__Task goal__.
Leaving pictures aside, restate exactly the lines of the data below, from the first one through the line that contains "text La conception, le".

__Data__.
*** Begin section ***
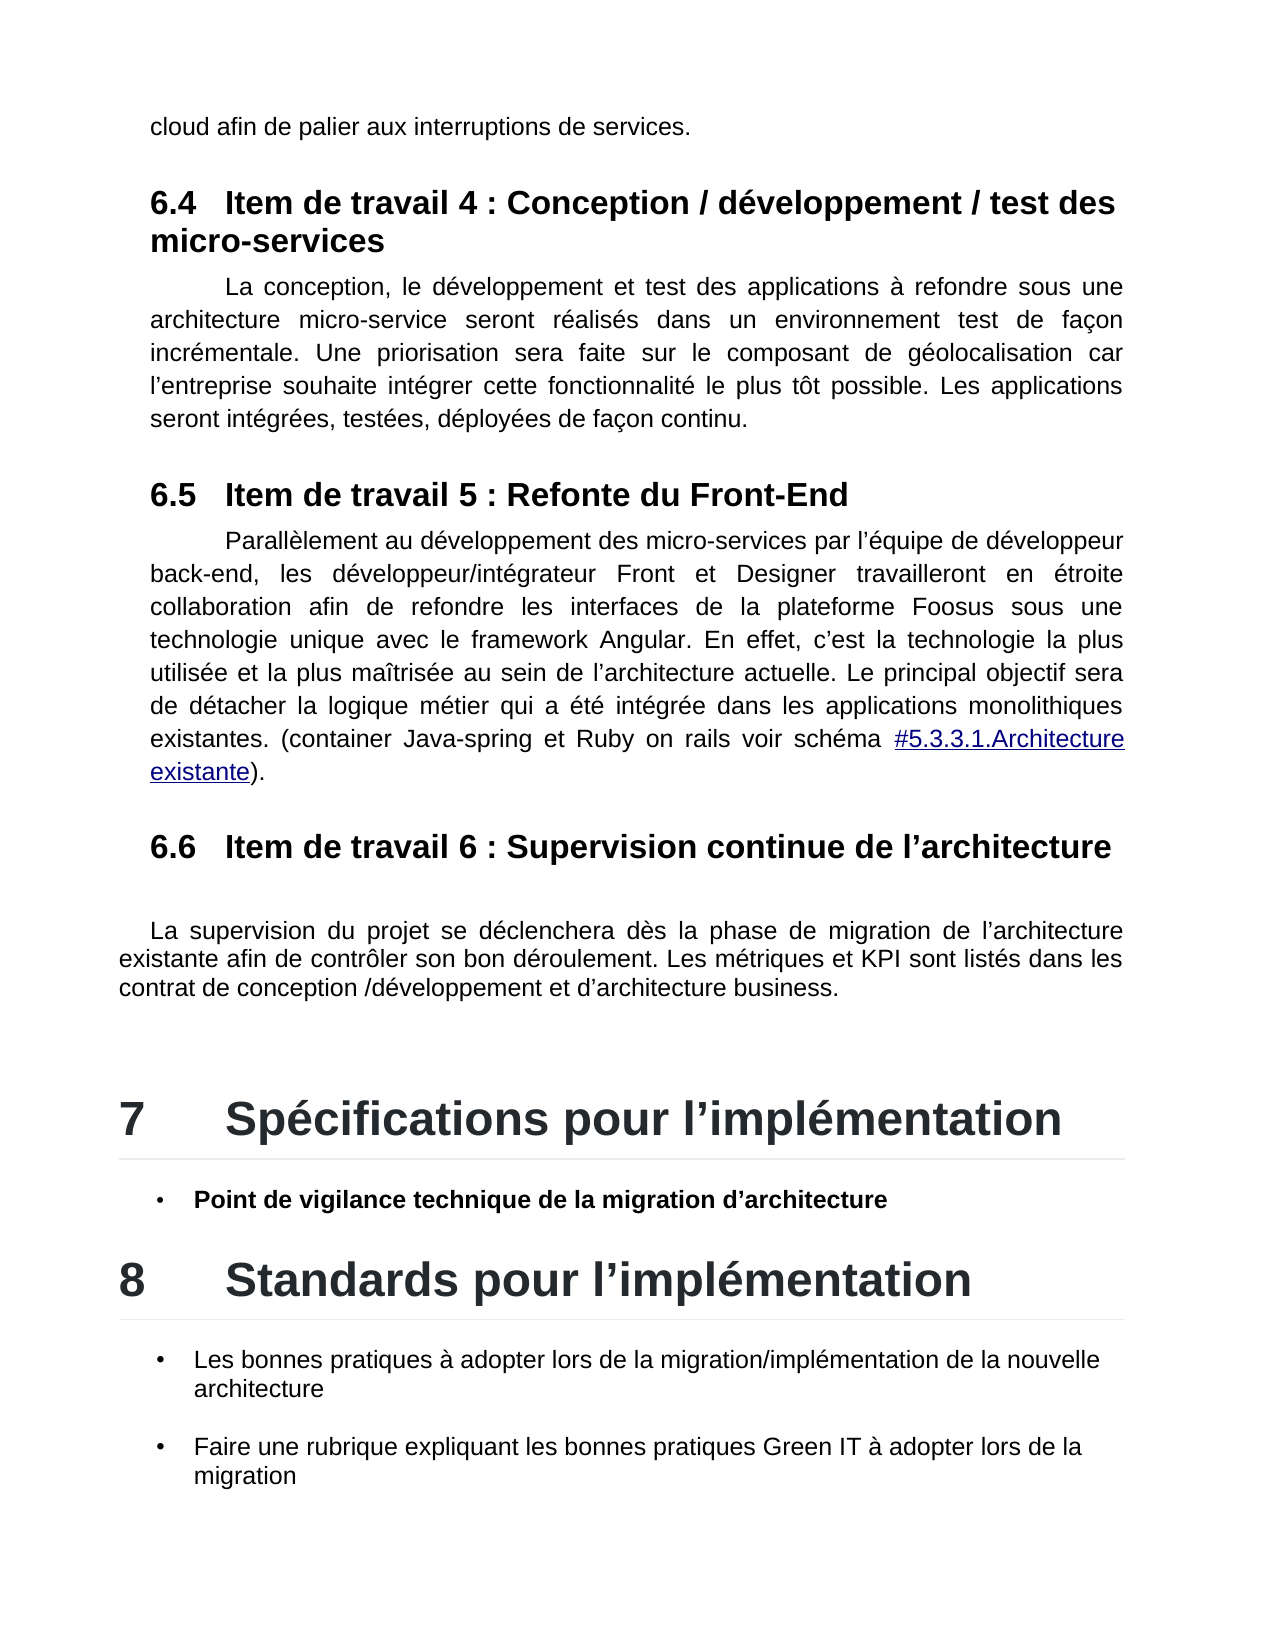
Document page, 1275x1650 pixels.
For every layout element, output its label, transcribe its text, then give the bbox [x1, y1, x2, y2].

subtitle Item de travail 4 : Conception / développement / test des micro-services [150, 183, 1125, 259]
subtitle Item de travail 6 : Supervision continue de l’architecture [150, 827, 1125, 866]
list Point de vigilance technique de la migration d’architecture [156, 1185, 1125, 1214]
subtitle Spécifications pour l’implémentation [119, 1091, 1125, 1158]
list Les bonnes pratiques à adopter lors de la migration/implémentation de la nouvelle architecture [156, 1345, 1125, 1403]
text Parallèlement au développement des micro-services par l’équipe de développeur back-end, les développeur/intégrateur Front et Designer travailleront en étroite collaboration afin de refondre les interfaces de la plateforme Foosus sous une technologie unique avec le framework Angular. En effet, c’est la technologie la plus utilisée et la plus maîtrisée au sein de l’architecture actuelle. Le principal objectif sera de détacher la logique métier qui a été intégrée dans les applications monolithiques existantes. (container Java-spring et Ruby on rails voir schéma #5.3.3.1.Architecture existante). [150, 526, 1125, 786]
text La conception, le développement et test des applications à refondre sous une architecture micro-service seront réalisés dans un environnement test de façon incrémentale. Une priorisation sera faite sur le composant de géolocalisation car l’entreprise souhaite intégrer cette fonctionnalité le plus tôt possible. Les applications seront intégrées, testées, déployées de façon continu. [150, 272, 1125, 433]
subtitle Item de travail 5 : Refonte du Front-End [150, 475, 1125, 513]
list Faire une rubrique expliquant les bonnes pratiques Green IT à adopter lors de la migration [156, 1432, 1125, 1489]
text cloud afin de palier aux interruptions de services. [150, 112, 1125, 141]
text La supervision du projet se déclenchera dès la phase de migration de l’architecture existante afin de contrôler son bon déroulement. Les métriques et KPI sont listés dans les contrat de conception /développement et d’architecture business. [119, 916, 1125, 1002]
subtitle Standards pour l’implémentation [119, 1251, 1125, 1319]
*** End section ***
__Written reply__.
Document page, 1275x1650 pixels.
For every layout element, output its label, transcribe its text, then give the bbox [x1, y1, x2, y2].

subtitle Item de travail 4 : Conception / développement / test des micro-services [150, 183, 1125, 259]
subtitle Item de travail 6 : Supervision continue de l’architecture [150, 827, 1125, 866]
list Point de vigilance technique de la migration d’architecture [156, 1185, 1125, 1214]
subtitle Spécifications pour l’implémentation [119, 1091, 1125, 1158]
list Les bonnes pratiques à adopter lors de la migration/implémentation de la nouvelle architecture [156, 1345, 1125, 1403]
text Parallèlement au développement des micro-services par l’équipe de développeur back-end, les développeur/intégrateur Front et Designer travailleront en étroite collaboration afin de refondre les interfaces de la plateforme Foosus sous une technologie unique avec le framework Angular. En effet, c’est la technologie la plus utilisée et la plus maîtrisée au sein de l’architecture actuelle. Le principal objectif sera de détacher la logique métier qui a été intégrée dans les applications monolithiques existantes. (container Java-spring et Ruby on rails voir schéma #5.3.3.1.Architecture existante). [150, 526, 1125, 786]
text La conception, le développement et test des applications à refondre sous une architecture micro-service seront réalisés dans un environnement test de façon incrémentale. Une priorisation sera faite sur le composant de géolocalisation car l’entreprise souhaite intégrer cette fonctionnalité le plus tôt possible. Les applications seront intégrées, testées, déployées de façon continu. [150, 272, 1125, 433]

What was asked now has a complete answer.